EULA

BEFORE MAKING A PURCHASE OF A DIGITAL DOWNLOAD (PRODUCT) FROM OUR WEBSITE, PLEASE ENSURE TO CAREFULLY REVIEW THESE LICENSE TERMS.

END USER LICENSE AGREEMENT FOR EMINENCE IMPULSE RESPONSES

This End User License Agreement ("Agreement") is a legal contract between you (the "User") and Eminence Speaker, LLC ("Eminence"), a company based in the state of Kentucky, United States, and is made effective upon your acceptance of this Agreement.

By accessing, downloading, or using the Impulse Responses ("IRs") provided by Eminence through eminence-digital.com, you acknowledge and agree to be bound by the terms and conditions set forth in this Agreement. If you do not agree to these terms, you must not use the IRs.

1. DEFINITIONS

(a) "Impulse Responses" or "IRs" refers to the digital files and data provided by Eminence, including but not limited to convolution files, speaker cabinet responses, and related documentation.

(b) "User" refers to any individual or entity accessing, downloading, or using the IRs provided by Eminence.

2. LICENSE GRANT

Subject to the terms and conditions of this Agreement, Eminence grants the User a limited, non-exclusive, non-transferable license to use the IRs solely for the User's personal or internal business purposes. This license permits the User to:

(i) Use the IRs for audio recording, mixing, and processing purposes in musical compositions, soundtracks, and audio productions.

(ii) Use the IRs in software applications or hardware devices designed for audio processing and simulation, provided the User's application or device does not directly compete with Eminence's commercial products.

(iii) Use the IRs as part of the User's creative works, such as music compositions, videos, or multimedia projects, with proper attribution to Eminence if publicly released.

3. RESTRICTIONS

The User must comply with the following restrictions:

(i) The User shall not redistribute, sell, lease, sublicense, or transfer the IRs, in whole or in part, to any third party without prior written consent from Eminence.

(ii) The User shall not use the IRs in any manner that infringes upon the intellectual property rights of Eminence or any third party.

(iii) The User shall not use the IRs in any illegal, malicious, or harmful activities or for any purpose that violates applicable laws or regulations.

(iv) The User shall not claim ownership of the IRs or register them as copyrighted works under their own name or any other party's name.

4. INTELLECTUAL PROPERTY

The IRs provided by Eminence are protected by copyright and other intellectual property laws. The User acknowledges that all rights, title, and interest in and to the IRs, including any modifications or derivative works, are owned by Eminence.

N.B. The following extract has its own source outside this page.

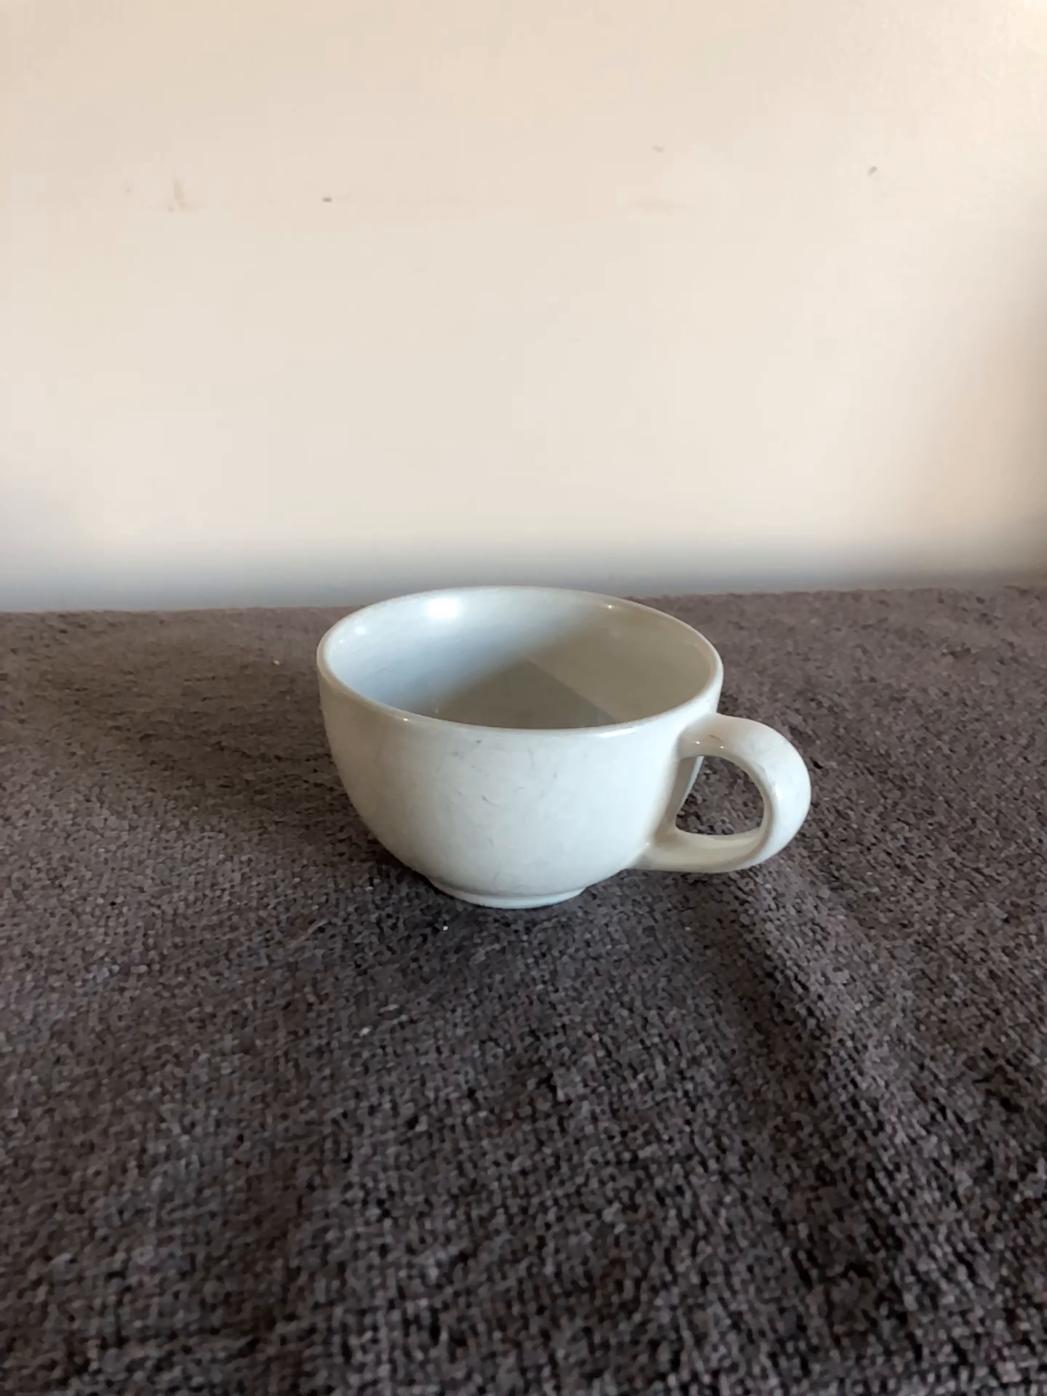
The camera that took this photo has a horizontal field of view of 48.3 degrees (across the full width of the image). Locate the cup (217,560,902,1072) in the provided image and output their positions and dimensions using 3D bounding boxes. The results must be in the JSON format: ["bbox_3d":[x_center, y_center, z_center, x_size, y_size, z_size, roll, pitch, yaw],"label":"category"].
[{"bbox_3d":[0.008,0.015,0.265,0.120,0.050,0.090,18,29,32],"label":"cup"}]

5. DISCLAIMER OF WARRANTIES

The IRs are provided on an "as-is" basis without any warranties, express or implied. Eminence disclaims all warranties, including but not limited to the warranties of merchantability, fitness for a particular purpose, and non-infringement. The User assumes all risks and responsibilities associated with the use of the IRs.

6. LIMITATION OF LIABILITY

In no event shall Eminence be liable for any direct, indirect, incidental, special, or consequential damages arising out of or in connection with the use of the IRs or this Agreement, even if Eminence has been advised of the possibility of such damages.

7. GOVERNING LAW AND JURISDICTION

This Agreement shall be governed by and construed in accordance with the laws of the state of Kentucky, United States, without regard to its conflict of laws principles. The User and Eminence agree that any legal action or proceeding arising out of or related to this Agreement shall be brought exclusively in the state or federal courts located in Kentucky, and both parties consent to the jurisdiction of such courts.

8. TERMINATION

Eminence may terminate this Agreement at any time if the User breaches any of the terms and conditions herein. Upon termination, the User must cease all use of the IRs and destroy any copies in their possession.

9. ENTIRE AGREEMENT

This Agreement constitutes the entire understanding between the User and Eminence concerning the subject matter hereof and supersedes all prior and contemporaneous agreements and understandings, whether oral or written.

By accepting this Agreement, the User acknowledges that they have read, understood, and agree to be bound by its terms and conditions.

IN WITNESS WHEREOF, the parties have executed this End User License Agreement as of the date the User accepts the terms of this Agreement.